Fast alle Sexroboter sind derzeit den Manierismen und Verhaltensweisen einer menschlichen Frau nachempfunden. Dies führt zu weitreichenderen Implikationen – hauptsächlich, dass nicht einvernehmlicher Sex mit Robotern auch zur Entmenschlichung menschlicher Frauen führen könnte. Dies ähnelt der feministischen Kritik an Einstellungen gegenüber Pornografie und Sexarbeiterinnen. Die Anthropologie- und Robotik-Expertin Kathleen Richardson bringt die ungleiche Machtdynamik und den Mangel an Respekt zur Sprache, die Kunden Sexarbeiterinnen zeigen, um die Zukunft von Sexrobotern vorherzusagen. „Technologie ist nicht neutral“, sagt Richardson der Washington Post. "Es ist nach Klasse, Rasse und Geschlecht informiert." Richardson nutzt die häufigen Assoziationen zwischen Sexrobotern und Prostitution, um zu zeigen, dass Sexroboter als Gefäße verwendet werden, die in einem Teufelskreis die Einstellung gegenüber Frauen beeinflussen.
Ein aktuelleres Beispiel dafür, wie sich Richardsons Theorie auswirkt, ist das Gespräch über die Umverteilung des Geschlechts. Eine Theorie, die zuerst von Robin Hanson vertreten und später von gewalttätigen unfreiwilligen Zölibat-Foren (Incel) verfochten wurde, beinhaltet die Umverteilung von Sex, dass der Staat die Körper der Frauen und der Männer kontrolliert, zu denen sie Zugang haben, um sicherzustellen, dass jeder Zugang zu einvernehmlichem Sex hat. Wenn einige Frauen nicht einverstanden sind, werden Sexarbeiterinnen und Sexroboter an ihre Stelle treten. Eine Kolumne der New York Times aus dem Jahr 2018 erklärte, dass der Beitrag von Sexrobotern zur sexuellen Umverteilung (um sicherzustellen, dass jeder Zugang zur Erfüllung seiner sexuellen Bedürfnisse hat) unvermeidlich ist. Einer der Hauptgründe dafür ist die Annahme, dass es bei Sexrobotern keine Komplexität der Einwilligung gibt.

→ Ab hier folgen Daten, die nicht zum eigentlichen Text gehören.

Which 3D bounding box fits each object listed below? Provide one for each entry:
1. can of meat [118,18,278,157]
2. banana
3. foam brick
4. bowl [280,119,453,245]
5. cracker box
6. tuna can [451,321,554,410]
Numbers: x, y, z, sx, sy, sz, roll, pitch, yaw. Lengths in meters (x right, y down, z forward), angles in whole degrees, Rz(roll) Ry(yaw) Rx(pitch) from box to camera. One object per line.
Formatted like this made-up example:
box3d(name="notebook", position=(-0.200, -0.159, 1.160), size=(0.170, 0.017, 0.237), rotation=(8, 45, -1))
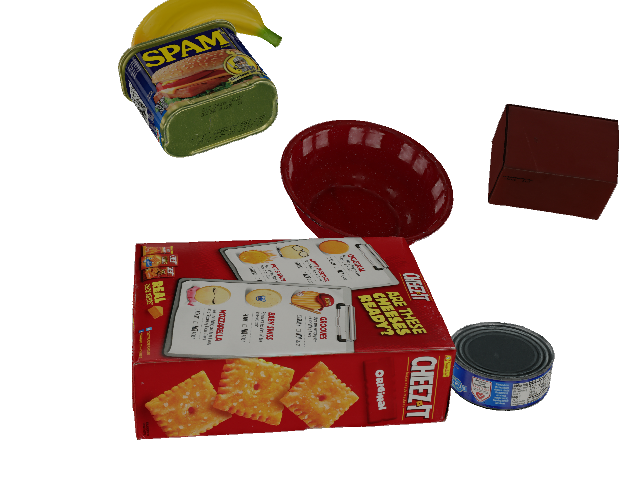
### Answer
box3d(name="can of meat", position=(-0.094, -0.117, 0.832), size=(0.102, 0.057, 0.084), rotation=(-21, 52, -19))
box3d(name="banana", position=(-0.117, -0.206, 1.014), size=(0.070, 0.037, 0.197), rotation=(45, 39, 19))
box3d(name="foam brick", position=(0.157, -0.053, 0.722), size=(0.078, 0.051, 0.053), rotation=(9, -27, 1))
box3d(name="bowl", position=(0.037, -0.038, 0.984), size=(0.162, 0.162, 0.055), rotation=(0, -43, -16))
box3d(name="cracker box", position=(-0.028, 0.066, 0.772), size=(0.213, 0.072, 0.164), rotation=(-1, 28, -9))
box3d(name="tuna can", position=(0.148, 0.103, 0.881), size=(0.086, 0.034, 0.086), rotation=(1, 27, -1))
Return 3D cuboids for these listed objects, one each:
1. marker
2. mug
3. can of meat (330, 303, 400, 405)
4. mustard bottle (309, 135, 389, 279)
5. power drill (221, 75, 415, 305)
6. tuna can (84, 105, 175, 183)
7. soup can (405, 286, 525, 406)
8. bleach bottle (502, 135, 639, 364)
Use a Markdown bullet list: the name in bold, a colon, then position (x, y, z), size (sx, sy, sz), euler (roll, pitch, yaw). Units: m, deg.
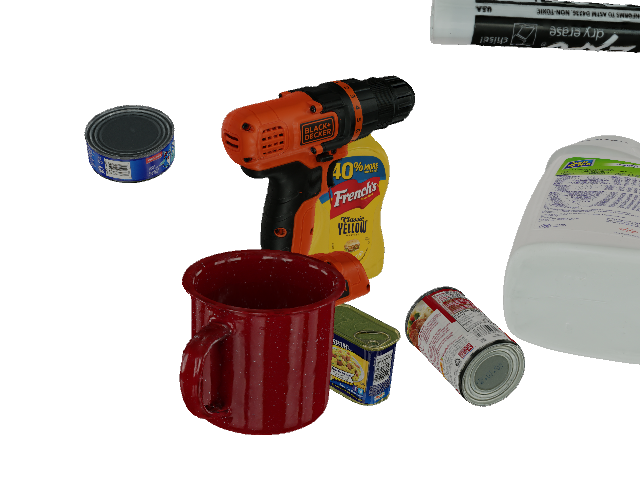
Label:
- **marker**: position (0.102, -0.081, 0.403), size (0.121, 0.020, 0.020), euler (3, 0, 2)
- **mug**: position (-0.040, 0.063, 0.609), size (0.093, 0.081, 0.117), euler (13, 23, 26)
- **can of meat**: position (0.039, 0.133, 1.239), size (0.102, 0.084, 0.057), euler (25, 32, 36)
- **mustard bottle**: position (0.024, -0.053, 1.096), size (0.096, 0.192, 0.058), euler (-5, 20, -25)
- **power drill**: position (0.003, -0.039, 0.886), size (0.184, 0.188, 0.057), euler (-17, 28, -33)
- **tuna can**: position (-0.184, -0.094, 1.039), size (0.086, 0.034, 0.086), euler (1, 42, -1)
- **soup can**: position (0.130, 0.094, 0.963), size (0.068, 0.068, 0.102), euler (0, 25, -26)
- **bleach bottle**: position (0.181, -0.014, 0.663), size (0.103, 0.068, 0.250), euler (7, 25, 17)
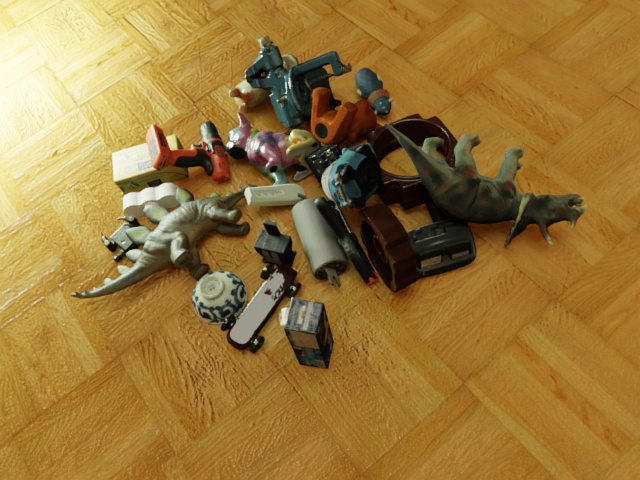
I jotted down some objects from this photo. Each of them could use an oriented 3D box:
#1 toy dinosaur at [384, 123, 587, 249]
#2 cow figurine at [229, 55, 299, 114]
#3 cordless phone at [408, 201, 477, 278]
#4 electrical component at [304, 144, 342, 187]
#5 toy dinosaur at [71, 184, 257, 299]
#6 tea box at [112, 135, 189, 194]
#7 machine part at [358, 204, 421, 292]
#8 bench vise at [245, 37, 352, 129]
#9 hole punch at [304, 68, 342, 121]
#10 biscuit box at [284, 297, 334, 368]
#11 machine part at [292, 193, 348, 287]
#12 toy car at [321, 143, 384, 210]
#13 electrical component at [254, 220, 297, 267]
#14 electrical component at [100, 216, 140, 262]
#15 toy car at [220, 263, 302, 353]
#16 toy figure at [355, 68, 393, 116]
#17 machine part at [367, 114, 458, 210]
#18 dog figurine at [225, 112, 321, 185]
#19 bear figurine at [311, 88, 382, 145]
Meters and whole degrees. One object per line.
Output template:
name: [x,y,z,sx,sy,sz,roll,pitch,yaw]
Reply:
toy dinosaur: [0.303,-0.098,1.065,0.405,0.131,0.192,11,79,-5]
cow figurine: [-0.137,-0.410,1.398,0.195,0.085,0.127,-33,18,7]
cordless phone: [0.236,-0.020,1.136,0.147,0.088,0.184,-16,48,2]
electrical component: [0.024,-0.151,1.204,0.058,0.134,0.114,-33,104,-12]
toy dinosaur: [-0.325,0.002,1.201,0.199,0.104,0.471,34,62,32]
tea box: [-0.423,-0.186,1.340,0.170,0.068,0.098,-17,60,-1]
machine part: [0.135,0.013,1.071,0.056,0.179,0.179,-25,60,-8]
bench vise: [-0.045,-0.386,1.257,0.241,0.129,0.223,-14,96,24]
hole punch: [-0.022,-0.360,1.367,0.142,0.092,0.115,-11,84,1]
biscuit box: [-0.016,0.176,0.986,0.059,0.202,0.063,7,62,11]
machine part: [-0.002,-0.003,1.158,0.079,0.079,0.243,-21,59,-2]
toy car: [0.057,-0.121,1.090,0.103,0.109,0.162,-7,29,37]
electrical component: [-0.097,0.010,1.143,0.075,0.119,0.048,13,64,14]
electrical component: [-0.462,-0.008,1.260,0.102,0.045,0.078,-43,61,-14]
toy car: [-0.119,0.138,1.113,0.089,0.053,0.202,32,69,8]
toy figure: [0.140,-0.367,1.347,0.058,0.064,0.154,-3,56,-40]
machine part: [0.205,-0.180,1.203,0.201,0.087,0.201,-22,53,-4]
dog figurine: [-0.120,-0.233,1.293,0.191,0.108,0.219,-33,58,-8]
bear figurine: [0.072,-0.289,1.247,0.120,0.131,0.196,39,45,26]
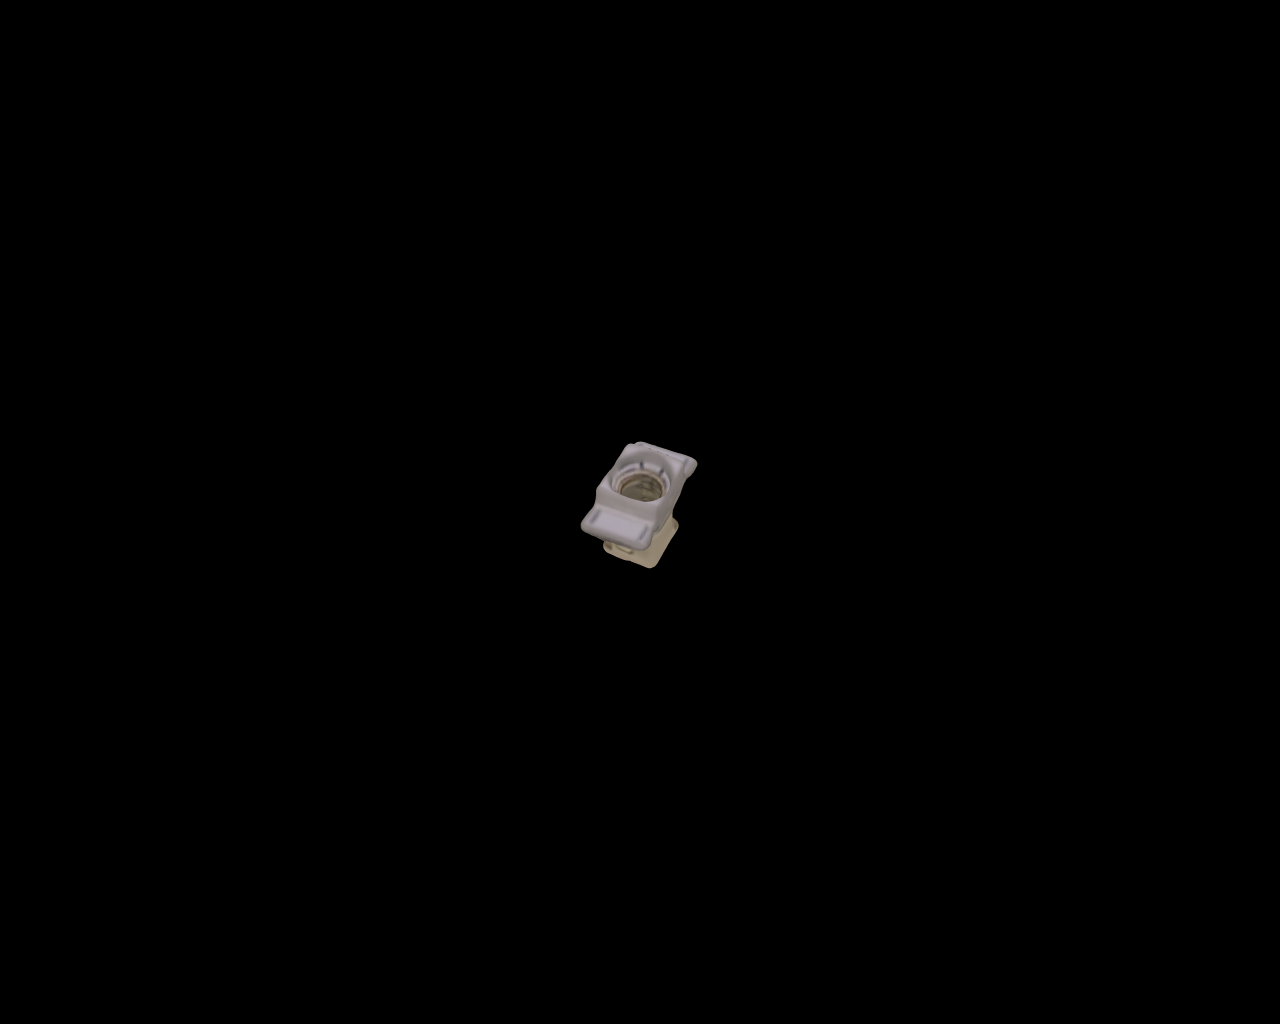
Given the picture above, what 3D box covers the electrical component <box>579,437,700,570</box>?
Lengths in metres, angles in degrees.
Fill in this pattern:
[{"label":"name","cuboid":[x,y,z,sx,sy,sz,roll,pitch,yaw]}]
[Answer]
[{"label":"electrical component","cuboid":[0.001,-0.003,0.650,0.042,0.063,0.081,20,50,17]}]

Nur ist es nicht so einfach. Es ist notwendig, Sexroboter nach dem Potenzial zu betrachten, das sie in sich bergen – sowohl unabhängig als auch als Spiegelbild dafür, wie die Gesellschaft Frauen weiterhin behandeln wird. Wie Frank und Nyholm schreiben: "Wenn wir Sexroboter legal in die Rechtsgemeinschaft einbinden, aber im Kontext des Mensch-Roboter-Sex keine Zustimmung – oder etwas Ähnliches – erforderlich ist, bedeutet dies, dass die Rechtsgemeinschaft nimmt keine starke Haltung gegen nicht einvernehmlichen Sex mit menschenähnlichen Mitgliedern der Rechtsgemeinschaft ein. Wir halten dies für eine inakzeptable Implikation."